> Assignment: Your task is to repeat exactly the lines below between the line holding "Your response must be concise. 72.01." and the line holding "Offer a terse response. 71.09.", inclusive, and only those.

(Dataset excerpts)
+ + +
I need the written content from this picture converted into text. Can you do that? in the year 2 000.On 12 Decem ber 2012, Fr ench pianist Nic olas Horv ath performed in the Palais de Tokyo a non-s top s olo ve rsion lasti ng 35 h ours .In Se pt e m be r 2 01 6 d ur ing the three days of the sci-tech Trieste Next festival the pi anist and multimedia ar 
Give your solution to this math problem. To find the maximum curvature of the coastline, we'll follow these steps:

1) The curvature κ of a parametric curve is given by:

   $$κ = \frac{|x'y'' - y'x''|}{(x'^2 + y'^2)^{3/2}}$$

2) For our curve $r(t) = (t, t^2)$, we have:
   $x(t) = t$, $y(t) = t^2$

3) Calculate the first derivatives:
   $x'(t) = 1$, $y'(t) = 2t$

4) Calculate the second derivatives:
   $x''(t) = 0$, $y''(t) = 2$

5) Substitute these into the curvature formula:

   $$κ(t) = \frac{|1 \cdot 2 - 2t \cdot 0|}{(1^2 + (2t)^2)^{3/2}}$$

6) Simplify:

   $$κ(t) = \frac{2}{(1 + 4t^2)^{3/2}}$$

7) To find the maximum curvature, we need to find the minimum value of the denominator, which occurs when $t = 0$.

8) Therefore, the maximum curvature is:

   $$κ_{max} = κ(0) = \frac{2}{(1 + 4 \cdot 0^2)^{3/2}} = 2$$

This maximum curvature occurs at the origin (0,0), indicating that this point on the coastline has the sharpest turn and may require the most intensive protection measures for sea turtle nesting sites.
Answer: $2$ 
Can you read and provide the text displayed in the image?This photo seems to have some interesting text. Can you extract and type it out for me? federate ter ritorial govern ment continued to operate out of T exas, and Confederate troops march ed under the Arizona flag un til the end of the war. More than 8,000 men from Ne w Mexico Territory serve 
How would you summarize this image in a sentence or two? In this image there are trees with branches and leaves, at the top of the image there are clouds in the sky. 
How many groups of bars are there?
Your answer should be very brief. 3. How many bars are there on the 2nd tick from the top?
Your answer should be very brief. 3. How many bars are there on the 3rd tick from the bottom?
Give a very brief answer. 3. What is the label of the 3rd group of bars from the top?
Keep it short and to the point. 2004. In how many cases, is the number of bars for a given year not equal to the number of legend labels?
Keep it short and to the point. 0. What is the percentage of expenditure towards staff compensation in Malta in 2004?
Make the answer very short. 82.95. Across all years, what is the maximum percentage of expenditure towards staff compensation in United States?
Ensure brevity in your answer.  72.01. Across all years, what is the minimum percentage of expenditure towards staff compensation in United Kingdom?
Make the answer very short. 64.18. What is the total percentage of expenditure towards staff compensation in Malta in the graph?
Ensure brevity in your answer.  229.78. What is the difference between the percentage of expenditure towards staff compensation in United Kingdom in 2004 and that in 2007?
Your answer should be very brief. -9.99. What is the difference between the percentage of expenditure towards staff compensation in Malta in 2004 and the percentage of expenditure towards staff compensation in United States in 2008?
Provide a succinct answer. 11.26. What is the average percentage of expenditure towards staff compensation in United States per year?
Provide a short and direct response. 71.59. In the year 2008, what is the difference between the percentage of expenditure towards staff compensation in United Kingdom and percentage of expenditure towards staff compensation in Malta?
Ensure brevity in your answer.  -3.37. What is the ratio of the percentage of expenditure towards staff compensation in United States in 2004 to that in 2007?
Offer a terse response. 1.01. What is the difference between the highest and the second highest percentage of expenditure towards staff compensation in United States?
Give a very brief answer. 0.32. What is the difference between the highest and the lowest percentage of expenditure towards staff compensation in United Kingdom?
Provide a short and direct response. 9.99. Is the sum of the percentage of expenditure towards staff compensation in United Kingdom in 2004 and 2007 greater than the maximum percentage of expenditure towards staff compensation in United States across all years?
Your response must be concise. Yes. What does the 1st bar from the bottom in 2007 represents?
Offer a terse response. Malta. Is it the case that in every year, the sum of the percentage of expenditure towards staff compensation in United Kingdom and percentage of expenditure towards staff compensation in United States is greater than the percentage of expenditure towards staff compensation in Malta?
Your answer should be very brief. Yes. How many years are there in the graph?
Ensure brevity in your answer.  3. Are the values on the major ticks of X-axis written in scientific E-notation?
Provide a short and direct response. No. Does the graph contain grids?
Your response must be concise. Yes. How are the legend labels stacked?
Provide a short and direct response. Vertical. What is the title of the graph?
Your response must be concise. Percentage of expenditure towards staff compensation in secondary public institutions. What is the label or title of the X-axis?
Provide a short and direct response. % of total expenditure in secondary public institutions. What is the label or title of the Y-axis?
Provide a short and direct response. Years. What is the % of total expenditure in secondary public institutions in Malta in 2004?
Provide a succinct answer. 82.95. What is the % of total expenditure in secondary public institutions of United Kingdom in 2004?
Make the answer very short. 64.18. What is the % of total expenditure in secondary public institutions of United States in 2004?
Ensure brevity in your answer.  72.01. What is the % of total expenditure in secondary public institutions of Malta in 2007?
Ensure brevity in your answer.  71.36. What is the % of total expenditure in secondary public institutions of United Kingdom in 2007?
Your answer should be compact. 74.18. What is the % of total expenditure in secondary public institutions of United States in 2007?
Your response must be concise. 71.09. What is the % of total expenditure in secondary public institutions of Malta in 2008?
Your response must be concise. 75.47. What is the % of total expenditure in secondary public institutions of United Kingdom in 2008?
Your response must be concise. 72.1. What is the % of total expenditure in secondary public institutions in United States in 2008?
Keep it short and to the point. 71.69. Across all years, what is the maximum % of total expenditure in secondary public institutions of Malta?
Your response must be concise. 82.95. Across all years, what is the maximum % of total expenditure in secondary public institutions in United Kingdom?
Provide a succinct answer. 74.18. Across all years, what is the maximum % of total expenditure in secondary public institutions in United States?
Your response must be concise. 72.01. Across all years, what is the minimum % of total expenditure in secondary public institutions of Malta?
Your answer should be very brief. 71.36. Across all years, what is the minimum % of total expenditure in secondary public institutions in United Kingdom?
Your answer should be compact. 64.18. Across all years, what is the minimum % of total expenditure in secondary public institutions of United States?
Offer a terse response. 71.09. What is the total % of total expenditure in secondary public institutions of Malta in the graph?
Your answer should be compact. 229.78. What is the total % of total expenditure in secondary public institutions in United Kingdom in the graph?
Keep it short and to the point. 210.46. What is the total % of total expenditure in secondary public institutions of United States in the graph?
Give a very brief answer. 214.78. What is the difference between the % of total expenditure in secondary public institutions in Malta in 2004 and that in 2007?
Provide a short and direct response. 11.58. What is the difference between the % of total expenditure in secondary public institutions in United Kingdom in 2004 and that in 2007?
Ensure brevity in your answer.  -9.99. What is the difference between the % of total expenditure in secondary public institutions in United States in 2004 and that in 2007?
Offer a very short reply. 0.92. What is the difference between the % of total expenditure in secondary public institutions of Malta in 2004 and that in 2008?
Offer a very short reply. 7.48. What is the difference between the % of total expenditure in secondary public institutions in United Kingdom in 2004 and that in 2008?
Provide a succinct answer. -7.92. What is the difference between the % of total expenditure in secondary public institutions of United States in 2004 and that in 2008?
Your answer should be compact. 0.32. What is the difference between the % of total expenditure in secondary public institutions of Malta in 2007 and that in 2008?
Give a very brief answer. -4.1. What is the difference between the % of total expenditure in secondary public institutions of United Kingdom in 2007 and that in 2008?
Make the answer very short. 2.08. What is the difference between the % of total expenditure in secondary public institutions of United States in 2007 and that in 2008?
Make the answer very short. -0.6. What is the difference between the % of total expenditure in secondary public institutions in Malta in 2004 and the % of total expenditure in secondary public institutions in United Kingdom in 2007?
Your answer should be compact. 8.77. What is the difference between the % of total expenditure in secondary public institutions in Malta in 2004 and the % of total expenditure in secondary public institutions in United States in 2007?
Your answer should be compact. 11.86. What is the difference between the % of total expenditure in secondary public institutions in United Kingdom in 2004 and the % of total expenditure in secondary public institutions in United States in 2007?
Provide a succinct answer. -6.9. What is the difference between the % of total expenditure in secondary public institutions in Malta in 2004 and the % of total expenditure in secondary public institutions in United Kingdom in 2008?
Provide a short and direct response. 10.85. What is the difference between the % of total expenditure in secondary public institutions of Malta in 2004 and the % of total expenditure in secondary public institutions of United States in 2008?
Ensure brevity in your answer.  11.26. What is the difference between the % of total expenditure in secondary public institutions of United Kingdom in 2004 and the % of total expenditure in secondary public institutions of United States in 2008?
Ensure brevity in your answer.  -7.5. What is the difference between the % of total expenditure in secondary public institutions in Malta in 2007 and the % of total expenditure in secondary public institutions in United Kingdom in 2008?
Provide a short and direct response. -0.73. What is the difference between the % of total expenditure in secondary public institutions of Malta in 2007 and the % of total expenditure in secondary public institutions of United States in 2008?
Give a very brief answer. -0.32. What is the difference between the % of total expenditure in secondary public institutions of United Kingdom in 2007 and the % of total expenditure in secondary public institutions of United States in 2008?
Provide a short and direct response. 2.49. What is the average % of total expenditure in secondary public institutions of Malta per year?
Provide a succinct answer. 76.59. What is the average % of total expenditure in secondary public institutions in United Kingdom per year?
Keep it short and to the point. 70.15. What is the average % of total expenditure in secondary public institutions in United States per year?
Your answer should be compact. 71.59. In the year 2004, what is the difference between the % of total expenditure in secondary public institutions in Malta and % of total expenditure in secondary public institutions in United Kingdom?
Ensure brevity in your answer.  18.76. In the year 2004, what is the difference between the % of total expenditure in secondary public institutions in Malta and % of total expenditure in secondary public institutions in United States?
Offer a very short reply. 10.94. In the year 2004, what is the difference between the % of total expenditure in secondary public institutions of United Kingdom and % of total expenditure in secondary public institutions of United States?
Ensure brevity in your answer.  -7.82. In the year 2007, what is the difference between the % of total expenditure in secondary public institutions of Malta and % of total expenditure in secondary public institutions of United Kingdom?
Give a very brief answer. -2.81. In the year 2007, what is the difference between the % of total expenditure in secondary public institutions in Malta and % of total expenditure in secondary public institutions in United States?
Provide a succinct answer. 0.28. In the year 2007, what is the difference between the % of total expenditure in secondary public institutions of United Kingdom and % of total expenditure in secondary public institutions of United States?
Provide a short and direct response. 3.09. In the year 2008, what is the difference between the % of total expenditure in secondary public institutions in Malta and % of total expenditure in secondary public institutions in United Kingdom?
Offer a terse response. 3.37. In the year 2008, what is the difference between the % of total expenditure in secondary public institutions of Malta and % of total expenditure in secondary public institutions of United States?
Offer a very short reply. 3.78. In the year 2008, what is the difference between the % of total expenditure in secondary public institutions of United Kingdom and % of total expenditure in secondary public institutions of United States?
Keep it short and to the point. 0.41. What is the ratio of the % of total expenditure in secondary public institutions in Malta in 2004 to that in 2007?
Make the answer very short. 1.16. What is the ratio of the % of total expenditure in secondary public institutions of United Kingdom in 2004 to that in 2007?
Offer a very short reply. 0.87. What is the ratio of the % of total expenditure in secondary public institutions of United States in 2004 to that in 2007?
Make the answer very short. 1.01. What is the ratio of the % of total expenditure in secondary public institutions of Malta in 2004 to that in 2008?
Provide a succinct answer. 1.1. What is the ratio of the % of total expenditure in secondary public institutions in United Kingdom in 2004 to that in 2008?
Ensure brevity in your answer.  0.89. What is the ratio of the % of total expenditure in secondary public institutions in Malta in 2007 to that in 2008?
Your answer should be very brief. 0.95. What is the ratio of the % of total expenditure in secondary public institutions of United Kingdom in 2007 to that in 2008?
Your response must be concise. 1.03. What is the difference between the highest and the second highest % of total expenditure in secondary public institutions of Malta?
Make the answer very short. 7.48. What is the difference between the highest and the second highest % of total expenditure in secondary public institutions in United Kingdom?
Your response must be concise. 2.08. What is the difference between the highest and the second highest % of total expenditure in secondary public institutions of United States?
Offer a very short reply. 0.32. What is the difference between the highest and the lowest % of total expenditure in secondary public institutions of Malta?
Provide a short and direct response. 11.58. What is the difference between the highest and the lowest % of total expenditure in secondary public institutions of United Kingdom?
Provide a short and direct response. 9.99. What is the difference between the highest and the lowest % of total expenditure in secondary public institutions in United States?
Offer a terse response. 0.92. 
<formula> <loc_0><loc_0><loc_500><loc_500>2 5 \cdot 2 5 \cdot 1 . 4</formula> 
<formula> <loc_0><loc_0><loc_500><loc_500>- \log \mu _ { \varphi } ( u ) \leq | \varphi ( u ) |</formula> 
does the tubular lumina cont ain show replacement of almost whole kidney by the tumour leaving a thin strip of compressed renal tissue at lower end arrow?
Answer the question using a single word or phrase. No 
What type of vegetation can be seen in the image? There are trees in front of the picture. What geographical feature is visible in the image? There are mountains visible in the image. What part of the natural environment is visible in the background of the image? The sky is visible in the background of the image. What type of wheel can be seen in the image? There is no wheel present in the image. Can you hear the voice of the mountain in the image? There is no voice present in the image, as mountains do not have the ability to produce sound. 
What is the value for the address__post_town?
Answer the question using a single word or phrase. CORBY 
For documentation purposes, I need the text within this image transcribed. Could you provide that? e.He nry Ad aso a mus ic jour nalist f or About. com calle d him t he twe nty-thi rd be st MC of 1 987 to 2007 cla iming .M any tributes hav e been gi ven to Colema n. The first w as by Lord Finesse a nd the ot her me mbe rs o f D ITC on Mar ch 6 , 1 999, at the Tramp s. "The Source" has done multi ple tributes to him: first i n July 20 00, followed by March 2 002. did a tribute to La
+ + +
> Answer to this exercise:
Your response must be concise. 72.01. Across all years, what is the minimum % of total expenditure in secondary public institutions of Malta?
Your answer should be very brief. 71.36. Across all years, what is the minimum % of total expenditure in secondary public institutions in United Kingdom?
Your answer should be compact. 64.18. Across all years, what is the minimum % of total expenditure in secondary public institutions of United States?
Offer a terse response. 71.09. What is the total % of total expenditure in secondary public institutions of Malta in the graph?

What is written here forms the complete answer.